Enable JavaScript to visit this website.
7 Tips to Avoid Urges to Smoke in the Morning
By the Quitter's Circle Staff
May 18, 2016

7 Tips to Avoid Urges to Smoke in the Morning

Most people have a morning routine. Whether it’s sipping a cup of coffee or listening to talk radio on the drive to work, we adopt daily rituals to get our days started.

But if you’re quitting smoking, mornings can be challenging. Remember, smoking is a physical, mental, and social addiction so if you are used to having a cigarette with your morning coffee or while walking the dog, these morning activities can be triggers that make you want to smoke.

Bill Blatt, Director of Tobacco Programs at the American Lung Association, offers these useful tips to change up your morning routine and avoid urges to smoke.

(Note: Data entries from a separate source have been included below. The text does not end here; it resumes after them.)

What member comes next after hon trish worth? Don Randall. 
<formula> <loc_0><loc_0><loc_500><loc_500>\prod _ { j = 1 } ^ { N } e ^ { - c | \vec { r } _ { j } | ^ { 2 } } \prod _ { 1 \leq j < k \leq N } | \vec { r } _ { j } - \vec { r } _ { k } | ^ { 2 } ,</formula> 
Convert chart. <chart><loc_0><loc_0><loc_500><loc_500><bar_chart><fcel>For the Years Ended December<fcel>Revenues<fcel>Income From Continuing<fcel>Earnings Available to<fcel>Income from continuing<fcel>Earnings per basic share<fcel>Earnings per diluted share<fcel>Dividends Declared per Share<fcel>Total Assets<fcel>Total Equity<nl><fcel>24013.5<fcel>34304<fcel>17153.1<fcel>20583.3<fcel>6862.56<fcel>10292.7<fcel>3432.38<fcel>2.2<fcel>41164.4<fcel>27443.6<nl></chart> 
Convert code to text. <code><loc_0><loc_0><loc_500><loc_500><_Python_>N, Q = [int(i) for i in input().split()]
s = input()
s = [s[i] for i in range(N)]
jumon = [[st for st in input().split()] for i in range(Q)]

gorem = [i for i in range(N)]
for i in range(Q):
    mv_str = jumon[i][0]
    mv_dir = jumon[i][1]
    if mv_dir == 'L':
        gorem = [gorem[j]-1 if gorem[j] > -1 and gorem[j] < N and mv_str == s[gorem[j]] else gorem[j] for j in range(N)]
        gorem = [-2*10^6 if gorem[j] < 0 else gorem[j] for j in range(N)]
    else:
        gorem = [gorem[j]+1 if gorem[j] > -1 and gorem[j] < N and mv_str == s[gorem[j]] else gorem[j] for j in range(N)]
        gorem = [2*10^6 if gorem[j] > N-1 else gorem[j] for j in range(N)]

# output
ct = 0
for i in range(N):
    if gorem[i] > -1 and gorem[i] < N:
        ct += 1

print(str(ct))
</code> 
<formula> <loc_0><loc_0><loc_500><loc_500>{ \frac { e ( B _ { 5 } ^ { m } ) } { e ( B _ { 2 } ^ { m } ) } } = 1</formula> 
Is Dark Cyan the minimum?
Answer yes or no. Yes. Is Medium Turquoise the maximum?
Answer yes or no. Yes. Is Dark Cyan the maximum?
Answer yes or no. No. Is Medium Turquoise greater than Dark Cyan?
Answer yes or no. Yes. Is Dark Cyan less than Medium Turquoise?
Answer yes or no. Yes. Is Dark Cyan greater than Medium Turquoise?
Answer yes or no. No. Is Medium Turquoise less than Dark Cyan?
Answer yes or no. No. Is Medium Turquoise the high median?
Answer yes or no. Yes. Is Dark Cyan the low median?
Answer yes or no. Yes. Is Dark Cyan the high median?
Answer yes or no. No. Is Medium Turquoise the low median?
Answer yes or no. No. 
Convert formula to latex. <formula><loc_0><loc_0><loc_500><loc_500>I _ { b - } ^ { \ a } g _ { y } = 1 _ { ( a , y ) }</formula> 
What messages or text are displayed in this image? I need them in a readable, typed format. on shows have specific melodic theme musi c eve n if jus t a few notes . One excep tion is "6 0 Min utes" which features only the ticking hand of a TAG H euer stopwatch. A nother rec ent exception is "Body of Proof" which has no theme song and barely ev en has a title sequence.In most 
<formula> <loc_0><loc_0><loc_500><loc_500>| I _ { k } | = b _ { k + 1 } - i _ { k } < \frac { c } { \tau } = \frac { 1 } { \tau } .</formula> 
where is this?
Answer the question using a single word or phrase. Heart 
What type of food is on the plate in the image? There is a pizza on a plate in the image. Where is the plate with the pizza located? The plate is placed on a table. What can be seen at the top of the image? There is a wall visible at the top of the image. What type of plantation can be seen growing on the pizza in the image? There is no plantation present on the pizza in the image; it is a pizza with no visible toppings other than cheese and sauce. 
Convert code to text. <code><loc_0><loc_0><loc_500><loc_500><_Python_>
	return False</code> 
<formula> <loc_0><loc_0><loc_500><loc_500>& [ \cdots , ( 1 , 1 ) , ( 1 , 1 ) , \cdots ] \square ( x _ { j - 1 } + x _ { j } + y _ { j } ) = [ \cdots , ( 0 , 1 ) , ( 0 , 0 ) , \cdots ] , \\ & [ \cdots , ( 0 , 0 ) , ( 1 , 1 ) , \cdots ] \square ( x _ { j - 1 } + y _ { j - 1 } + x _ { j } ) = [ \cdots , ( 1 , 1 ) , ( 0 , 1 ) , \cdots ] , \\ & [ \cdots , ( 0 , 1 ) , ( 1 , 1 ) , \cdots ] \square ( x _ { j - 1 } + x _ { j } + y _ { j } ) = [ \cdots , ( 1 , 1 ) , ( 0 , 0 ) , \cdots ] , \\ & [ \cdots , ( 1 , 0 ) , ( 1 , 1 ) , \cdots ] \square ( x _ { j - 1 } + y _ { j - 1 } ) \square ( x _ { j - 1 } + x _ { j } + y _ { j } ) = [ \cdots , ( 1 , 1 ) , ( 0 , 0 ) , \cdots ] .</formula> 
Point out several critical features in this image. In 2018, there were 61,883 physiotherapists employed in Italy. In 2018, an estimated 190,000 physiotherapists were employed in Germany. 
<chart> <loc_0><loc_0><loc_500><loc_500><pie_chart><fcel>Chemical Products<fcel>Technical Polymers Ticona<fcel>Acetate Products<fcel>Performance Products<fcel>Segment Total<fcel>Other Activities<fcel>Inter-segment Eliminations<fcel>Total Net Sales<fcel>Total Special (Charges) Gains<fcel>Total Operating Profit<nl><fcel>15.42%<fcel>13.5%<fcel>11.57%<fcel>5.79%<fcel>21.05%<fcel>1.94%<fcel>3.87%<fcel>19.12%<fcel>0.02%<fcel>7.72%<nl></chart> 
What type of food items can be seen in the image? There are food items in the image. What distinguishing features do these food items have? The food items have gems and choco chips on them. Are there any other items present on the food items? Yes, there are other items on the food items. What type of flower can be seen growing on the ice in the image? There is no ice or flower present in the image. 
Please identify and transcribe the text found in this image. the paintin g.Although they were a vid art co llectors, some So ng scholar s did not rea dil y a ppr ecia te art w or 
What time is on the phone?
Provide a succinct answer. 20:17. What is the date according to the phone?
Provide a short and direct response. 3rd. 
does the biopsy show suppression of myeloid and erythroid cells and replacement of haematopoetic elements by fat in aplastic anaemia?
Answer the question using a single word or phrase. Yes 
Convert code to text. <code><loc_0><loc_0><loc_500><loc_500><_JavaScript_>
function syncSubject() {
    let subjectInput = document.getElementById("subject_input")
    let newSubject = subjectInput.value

  1. Getting the morning started without a smoke starts the night (or days) before.
    First, remove reminders and triggers of smoking. Do a thorough house and car cleaning to remove cigarettes, ashtrays, cigarette odors, and other reminders. Second, if you live with someone who smokes and is not quitting at this time, make a plan so you're not tempted when they light up. Ask them not smoke in front of you, at least during the toughest parts of your quit.
  2. Think about your morning routine­­: when and where did you smoke?
    Was it while reading the newspaper at the kitchen table or on the drive to work? By taking note of these triggers, you can develop a plan to avoid or modify them.
  3. Mix up your morning schedule.
    If you’re used to waking up and having a cup of coffee with a cigarette, try taking a shower first or feeding the cat before that cup of joe. “You can cut down on your triggers, if you do things a little bit out of the ordinary,” says Blatt.
  4. Change up your breakfast menu.
    If you’re used to having a cigarette with orange juice and toast, try tea or hot water with lemon, and oatmeal, eggs, or yogurt with fresh fruit. Even swapping out the same mug you use everyday or where you sit can help alter the ritual.
  5. Rise earlier to go outside for a walk or to exercise to get your circulation going.
    An early morning exercise routine will give you energy and focus for the rest of the day.
  6. If driving to work is linked to smoking, try a different route.
    Turn on the radio and sing along to a song. “You can’t smoke while singing, and before you know it you’ve avoided the temptation,” says Blatt.
  7. If you're idiling at a traffic light and spot someone in a nearby car smoking, you may feel an urge.
    Remind yourself that you’re no longer a smoker. Then focus on the reasons why you’re quitting: maybe it’s for your kids, to save up for that nice vacation, or to improve your health. Remember this: the urge to smoke will go away in three to five minutes, whether or not you smoke. Let the time pass.

Every morning that you stay smokefree is a victory on your journey to a smokefree life. Congratulate yourself! “Take it one step at a time,” says Blatt. “Don’t worry about the next day, the next 20 years. Just keep taking it one day at a time.”